Write out only the lines from the line that holds "This picture is 1504" to the end of the listing below, inclusive, with the pictures omitted.

[Record set — start]

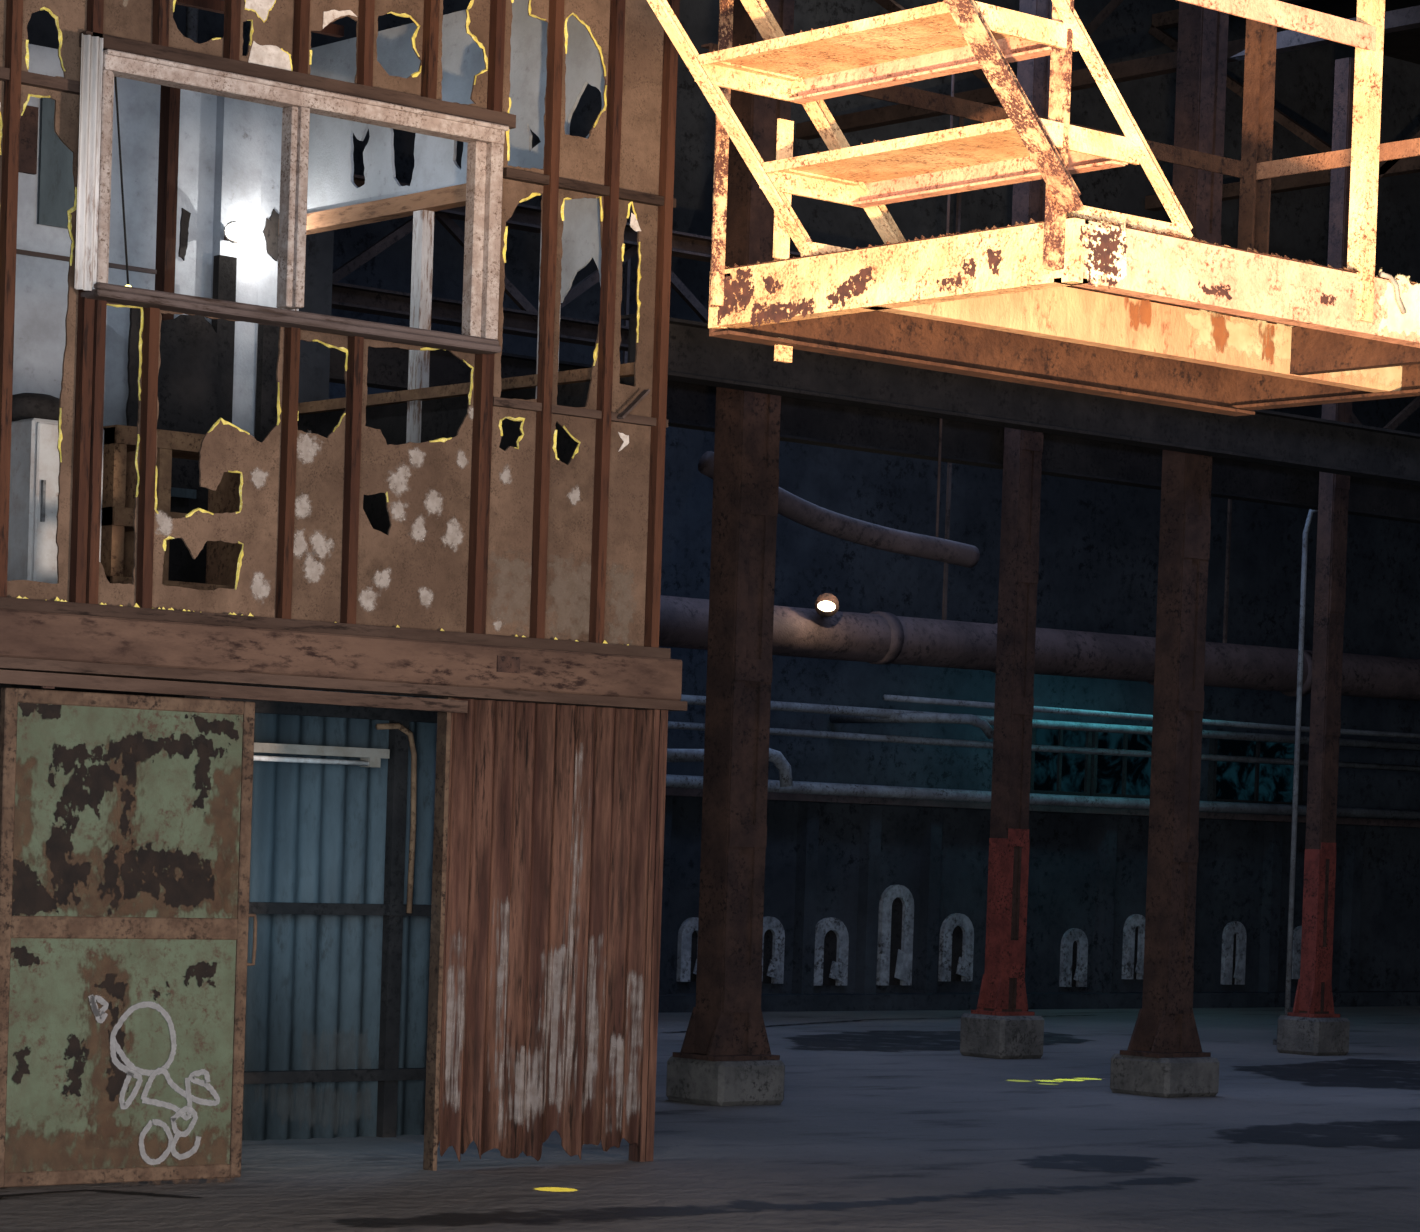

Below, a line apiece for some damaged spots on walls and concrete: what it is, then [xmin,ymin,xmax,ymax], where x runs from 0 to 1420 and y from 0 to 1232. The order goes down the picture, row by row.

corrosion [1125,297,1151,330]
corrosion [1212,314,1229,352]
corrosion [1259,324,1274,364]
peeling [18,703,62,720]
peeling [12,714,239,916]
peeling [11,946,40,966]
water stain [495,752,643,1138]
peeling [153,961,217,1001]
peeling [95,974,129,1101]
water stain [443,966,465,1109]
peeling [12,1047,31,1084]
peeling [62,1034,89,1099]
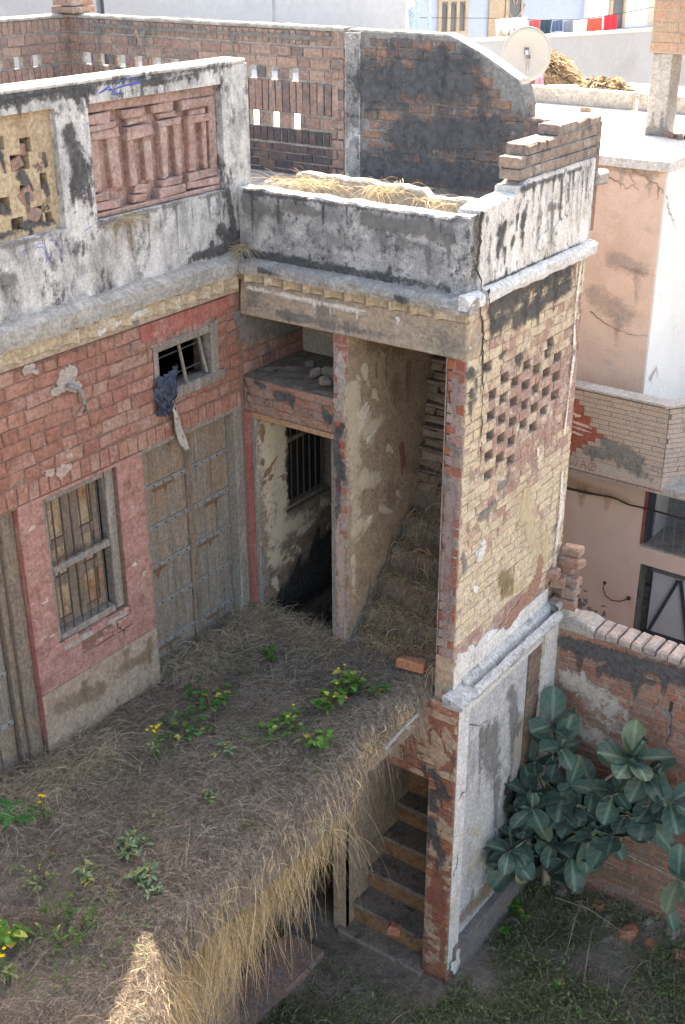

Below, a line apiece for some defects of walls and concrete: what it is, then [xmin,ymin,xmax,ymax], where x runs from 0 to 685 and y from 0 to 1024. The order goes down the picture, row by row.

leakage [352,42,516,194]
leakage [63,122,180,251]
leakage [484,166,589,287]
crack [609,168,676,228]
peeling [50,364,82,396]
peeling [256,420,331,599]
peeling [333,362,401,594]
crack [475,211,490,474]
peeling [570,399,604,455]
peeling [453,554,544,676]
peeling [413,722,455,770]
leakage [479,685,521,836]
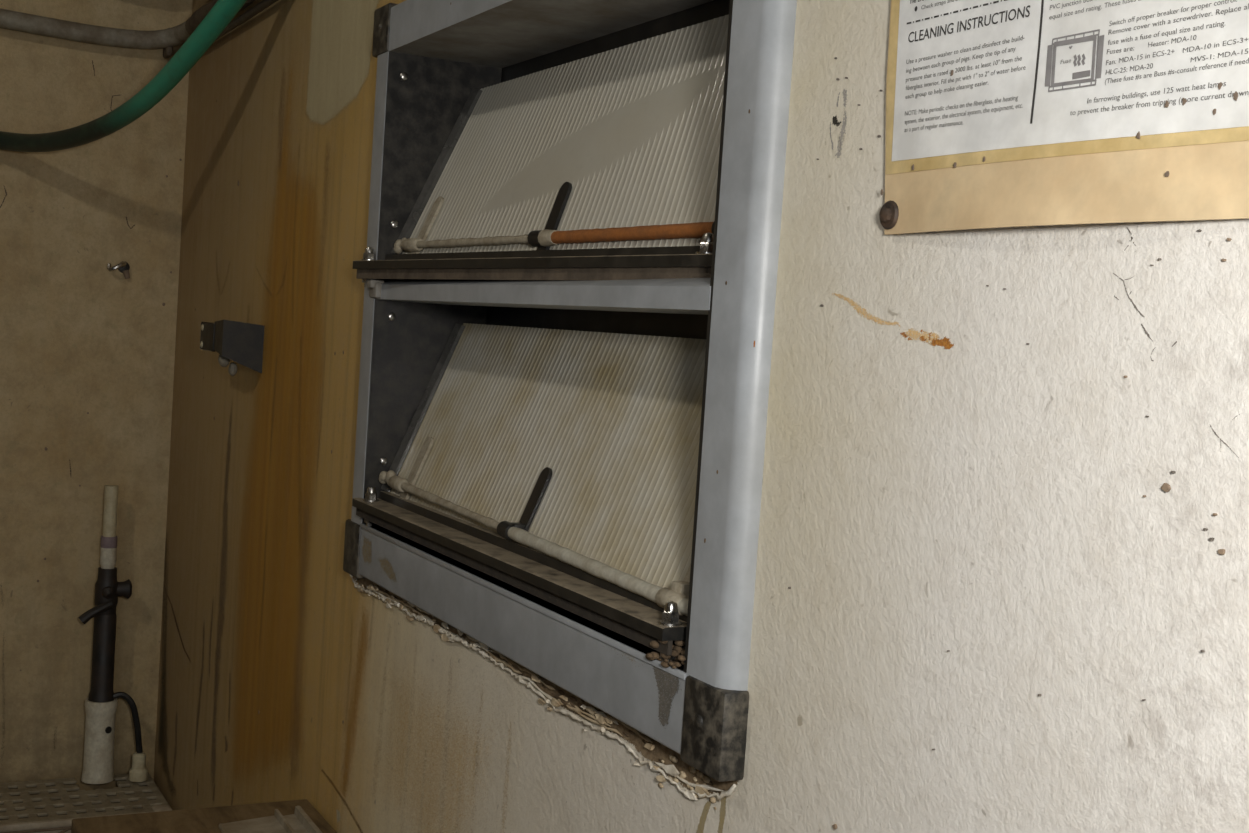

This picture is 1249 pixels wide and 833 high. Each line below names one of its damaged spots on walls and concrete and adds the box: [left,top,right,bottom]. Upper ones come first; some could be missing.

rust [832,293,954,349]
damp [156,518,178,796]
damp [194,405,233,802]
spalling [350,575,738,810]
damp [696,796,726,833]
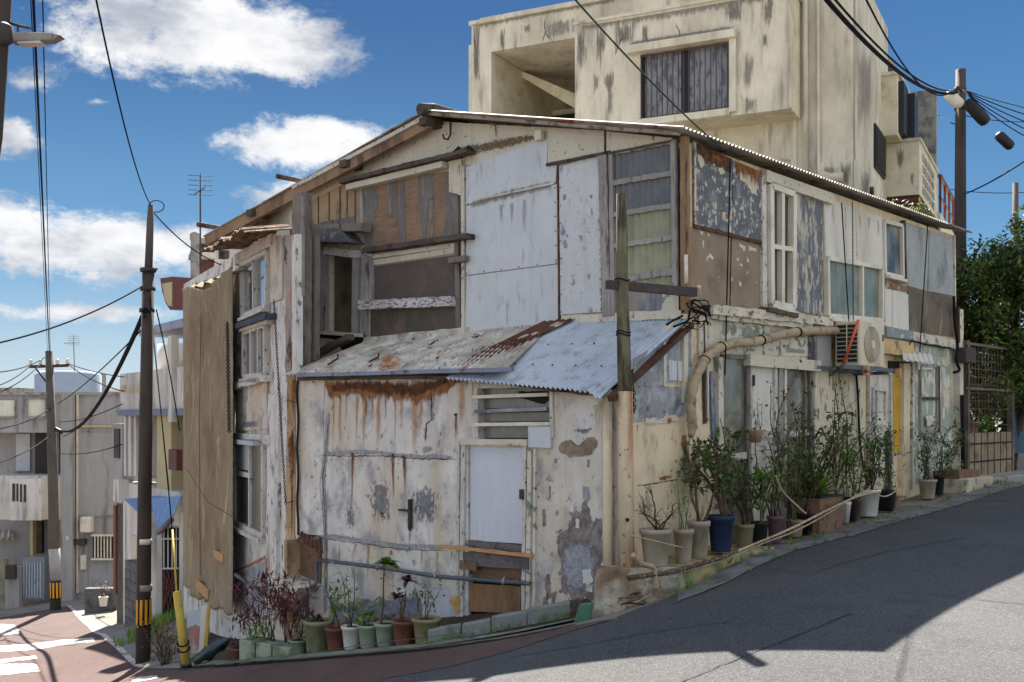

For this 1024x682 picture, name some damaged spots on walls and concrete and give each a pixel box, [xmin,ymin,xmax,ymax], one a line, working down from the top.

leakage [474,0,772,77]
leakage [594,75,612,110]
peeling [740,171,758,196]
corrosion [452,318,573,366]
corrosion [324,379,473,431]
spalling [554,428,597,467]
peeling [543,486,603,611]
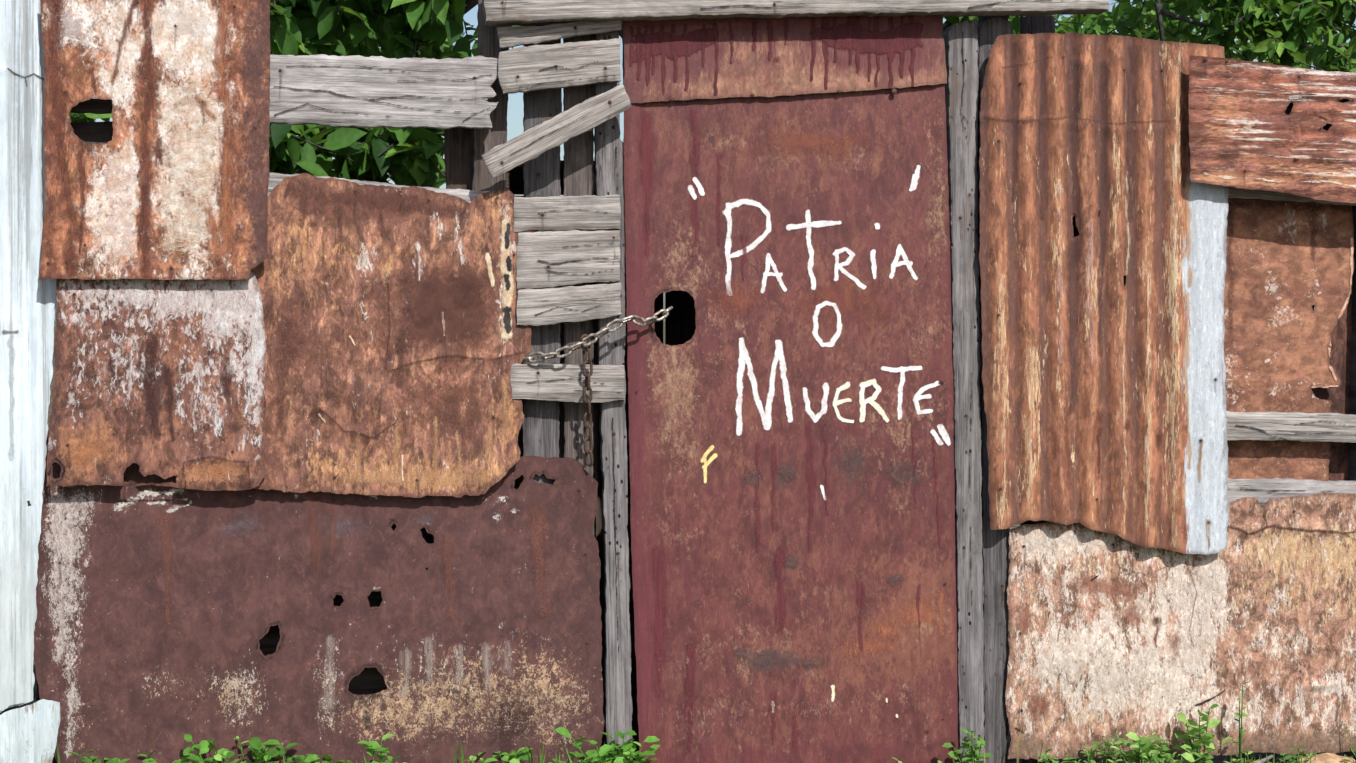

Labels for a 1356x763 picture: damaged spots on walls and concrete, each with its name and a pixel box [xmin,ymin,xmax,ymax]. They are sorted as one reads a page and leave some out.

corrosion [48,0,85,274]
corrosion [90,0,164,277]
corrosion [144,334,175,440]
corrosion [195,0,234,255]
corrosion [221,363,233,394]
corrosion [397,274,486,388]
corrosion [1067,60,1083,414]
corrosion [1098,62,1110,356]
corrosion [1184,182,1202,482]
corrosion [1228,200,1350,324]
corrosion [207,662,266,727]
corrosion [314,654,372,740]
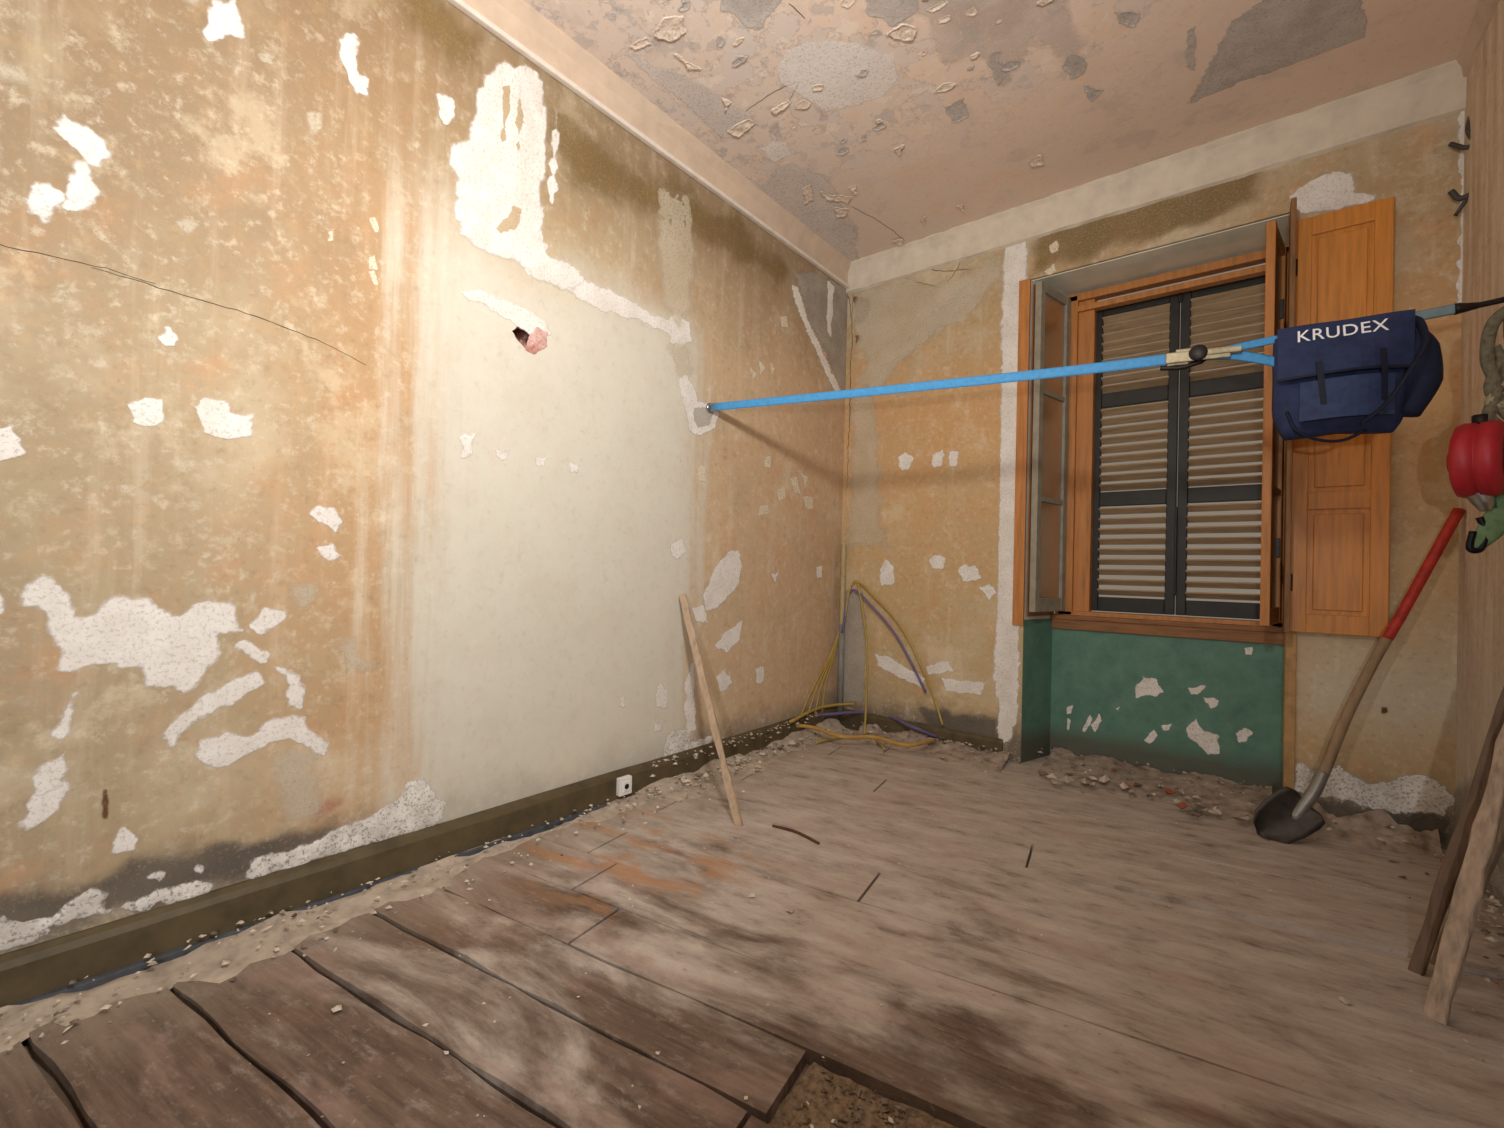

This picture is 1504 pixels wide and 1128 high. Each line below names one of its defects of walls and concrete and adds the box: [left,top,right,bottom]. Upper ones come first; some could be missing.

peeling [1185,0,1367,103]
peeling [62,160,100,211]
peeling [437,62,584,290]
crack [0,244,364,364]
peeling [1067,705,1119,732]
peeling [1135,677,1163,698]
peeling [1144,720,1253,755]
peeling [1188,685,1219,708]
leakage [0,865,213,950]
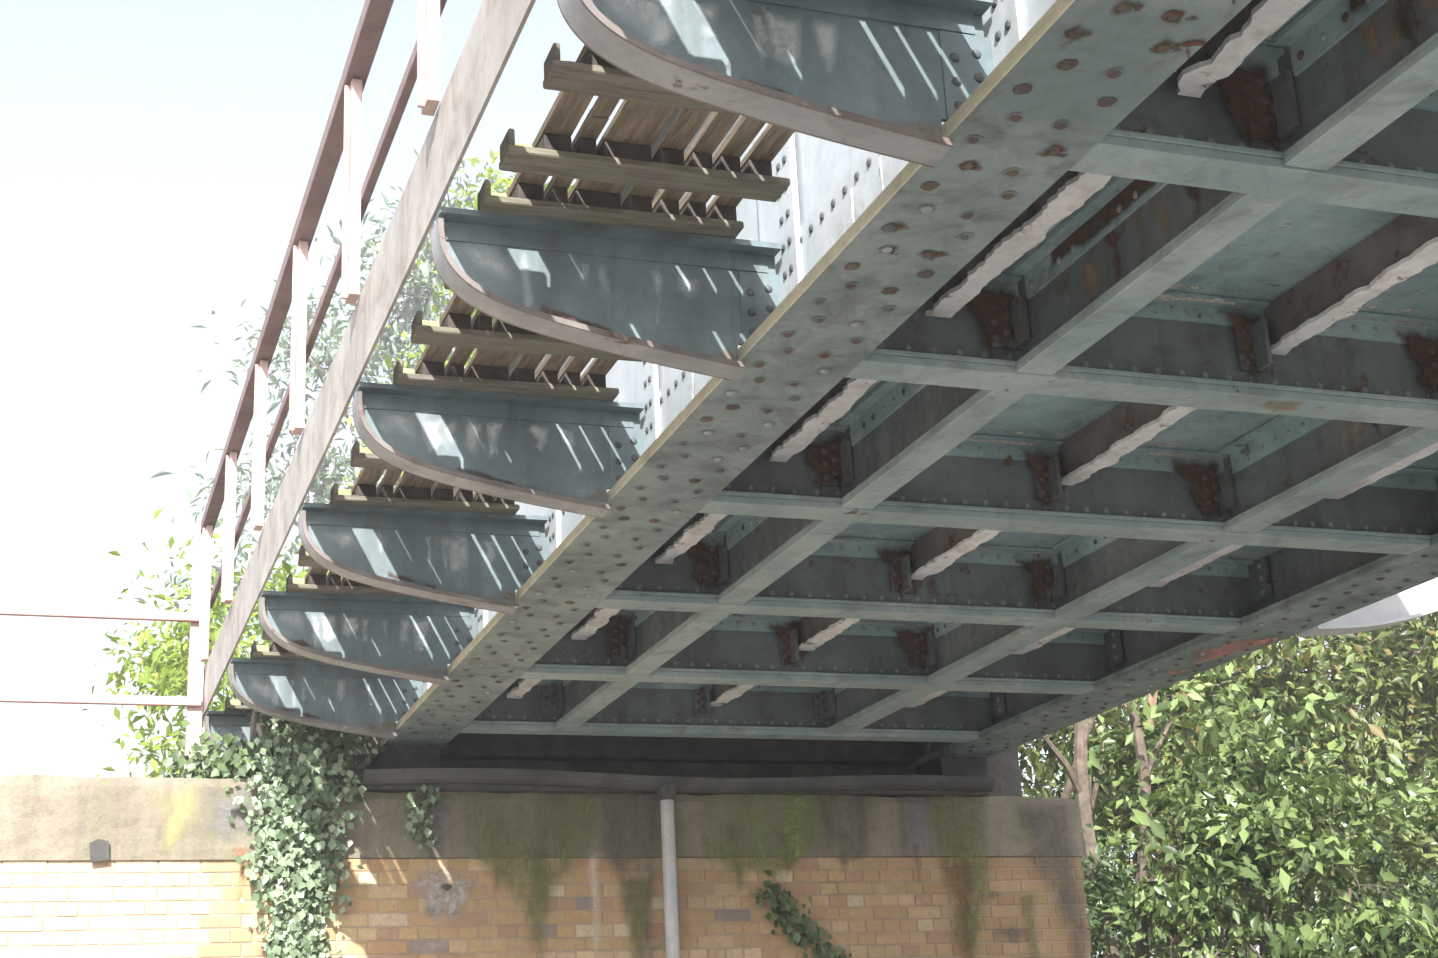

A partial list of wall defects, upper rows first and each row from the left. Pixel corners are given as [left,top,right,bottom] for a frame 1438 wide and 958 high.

[Record set — finish]

- _Exercise response_:
This picture is 1504 pixels wide and 1128 high. Each line below names one of its defects of walls and concrete and adds the box: [left,top,right,bottom]. Upper ones come first; some could be missing.

peeling [1185,0,1367,103]
peeling [62,160,100,211]
peeling [437,62,584,290]
crack [0,244,364,364]
peeling [1067,705,1119,732]
peeling [1135,677,1163,698]
peeling [1144,720,1253,755]
peeling [1188,685,1219,708]
leakage [0,865,213,950]

A partial list of wall defects, upper rows first and each row from the left. Pixel corners are given as [left,top,right,bottom] for a frame 1438 wide and 958 high.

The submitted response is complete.